Yesterday was a bit of a difficult one.
Not long after shaking out the morning cobwebs, I felt a terrible, familiar itching in my chest. A feeling that you would likely equate with anxiety, but without the anxious thoughts that usually accompany the sensation. They would come later.
The apparent delay that I experience between bad feelings and bad thoughts is actually a bonus as far as my treatment goes. I’ve been prescribed an atypical antipsychotic that is fairly efficient in halting the process as long as I recognize the sensations early enough. On this day, however, the medication seemed to be of little use. The physical symptoms were rapidly increasing and my thoughts were starting to race. I had no choice but to hold on tight and ride out the storm.
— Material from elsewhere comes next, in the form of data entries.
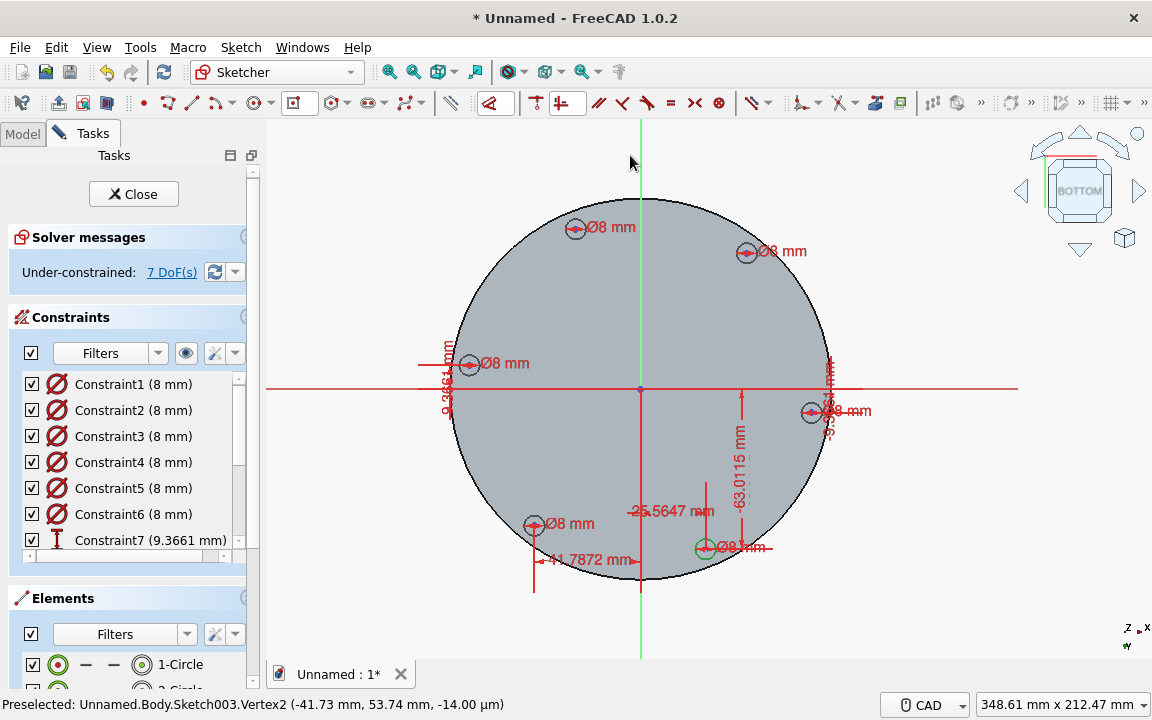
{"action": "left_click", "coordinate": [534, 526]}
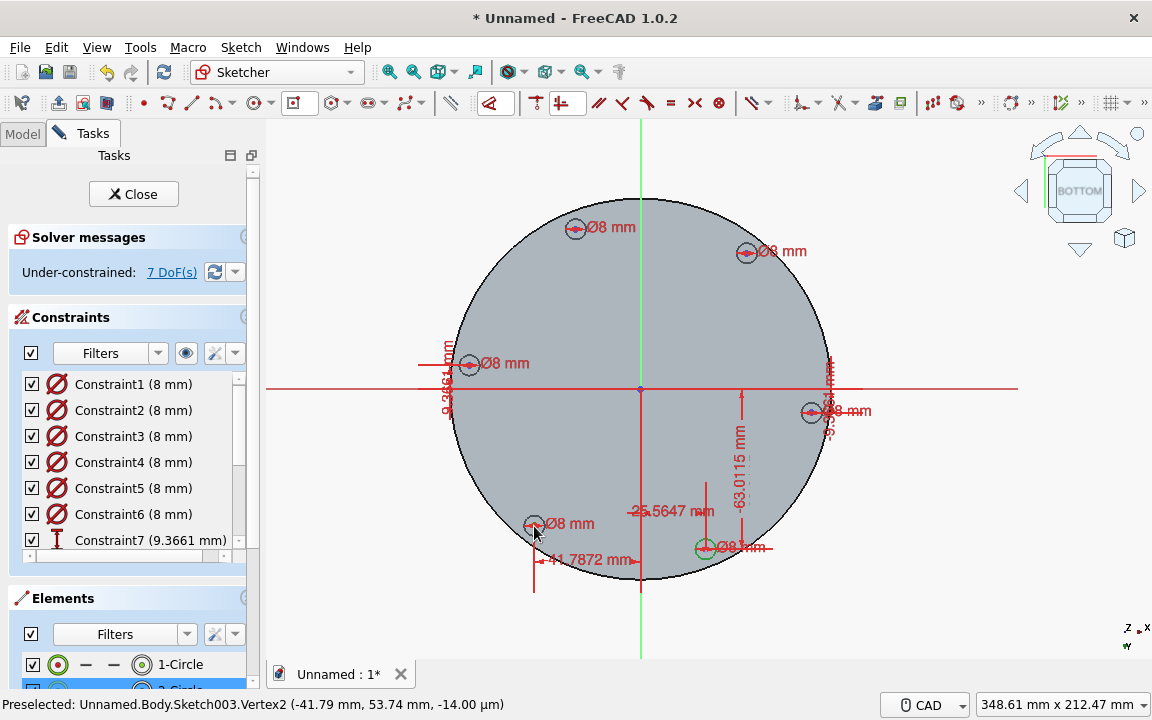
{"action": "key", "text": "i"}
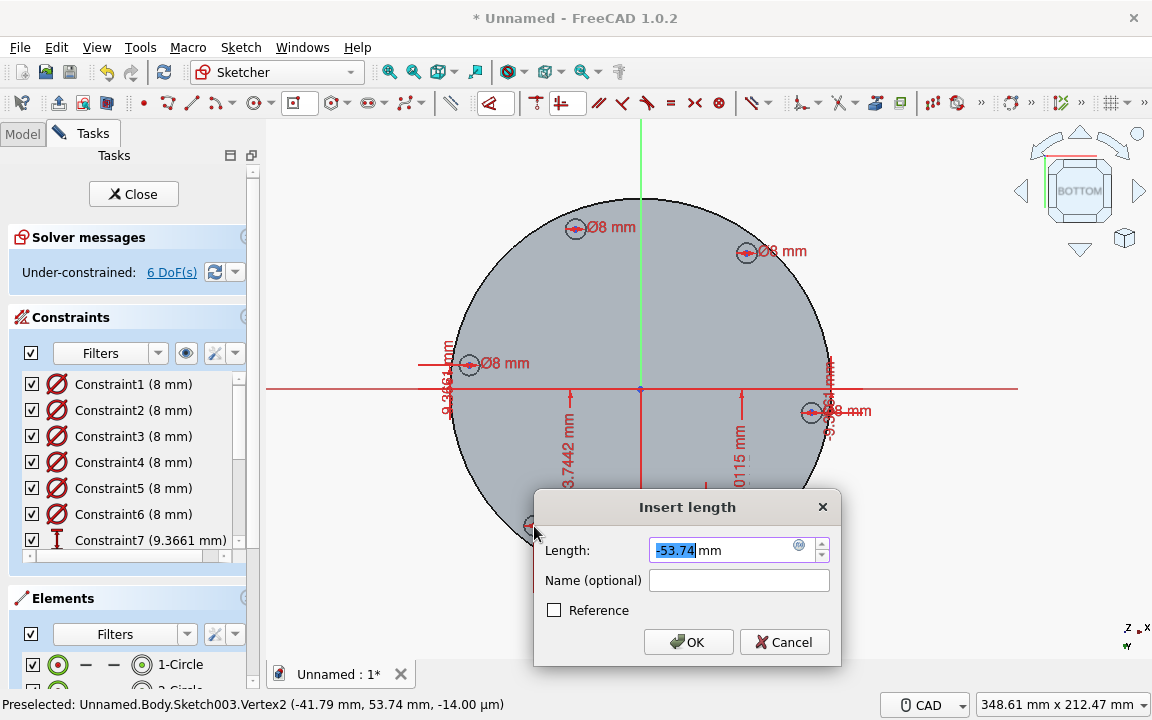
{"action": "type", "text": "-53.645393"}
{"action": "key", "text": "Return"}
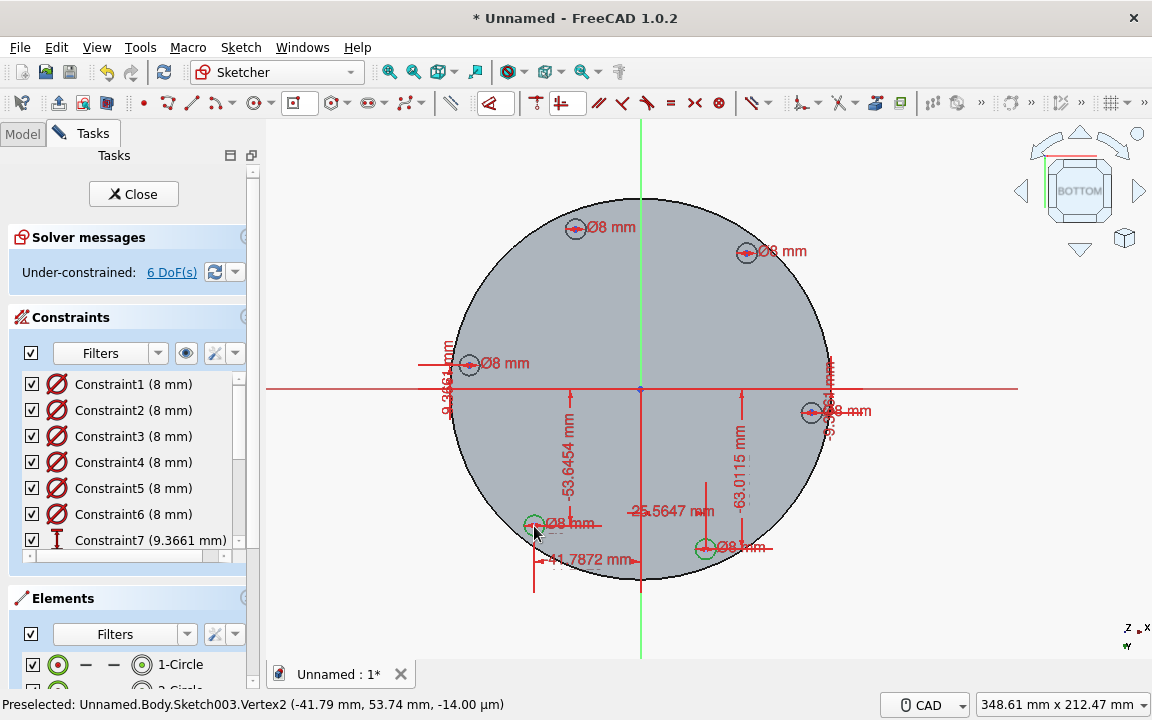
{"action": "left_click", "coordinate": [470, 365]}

As with other types of bipolar disorder, type II can present with different types of “mood cycles.” I tend to experience rapid (or more specifically, ultradian) cycling. This means that I can experience severe shifts in mood multiple times in the same day, sometimes in the same hour. My moods range from depressed to irritated to euphoric, all at varying levels of intensity. This makes social activity a nightmare scenario on my “off” days.
I do my best to stay away from people when I’m cycling for a couple of reasons. Firstly, I don’t want to subject them to my suddenly changing moods, but I also can’t spare the energy to be socially “normal” on those days. I simply cannot behave and perform as society expects when my perception is so volatile.
As you can imagine, this creates many secondary issues, the most pressing of which is maintaining employment. For the time being, I’m lucky enough to have a very understanding employer who is familiar my condition (which should be expected, considering I work in the psychology department at a university, but is still very much appreciated). Nonetheless, I’m rarely able to work more than 15 hours in a week.
I spent the majority of yesterday sitting at the computer, swallowing my irrational emotions and trying to write a blog about how I was feeling. I couldn’t even accomplish this task, as I would write one sentence and immediately erase it. This happened about a dozen times. I could not find the words to express the turmoil I was experiencing at the time. Finally, late in the evening, the mood swings subsided and I was able to get a good night’s sleep.
Earlier, I mentioned that the physical feeling of anxiety or changing moods typically happens before I begin to think about anything that would make me feel this way. This delay is not only an opportunity to medicate, but it also reveals an important characteristic of this affliction (at least in my case).
When I experience symptoms, it’s typical that my biology initially influences my psychology (though the road is certainly two ways). This tells me that the thoughts I experience during a bad day are likely biased, and therefore false. This is very important, as it allows me to let go of any lingering ideas that could continue to strengthen the altered mood, and is vital to my ability to move-on from a bad day.
For those of you who are psychologically afflicted, I strongly suggest that you examine your own experiences and become familiar with what works for you, and why.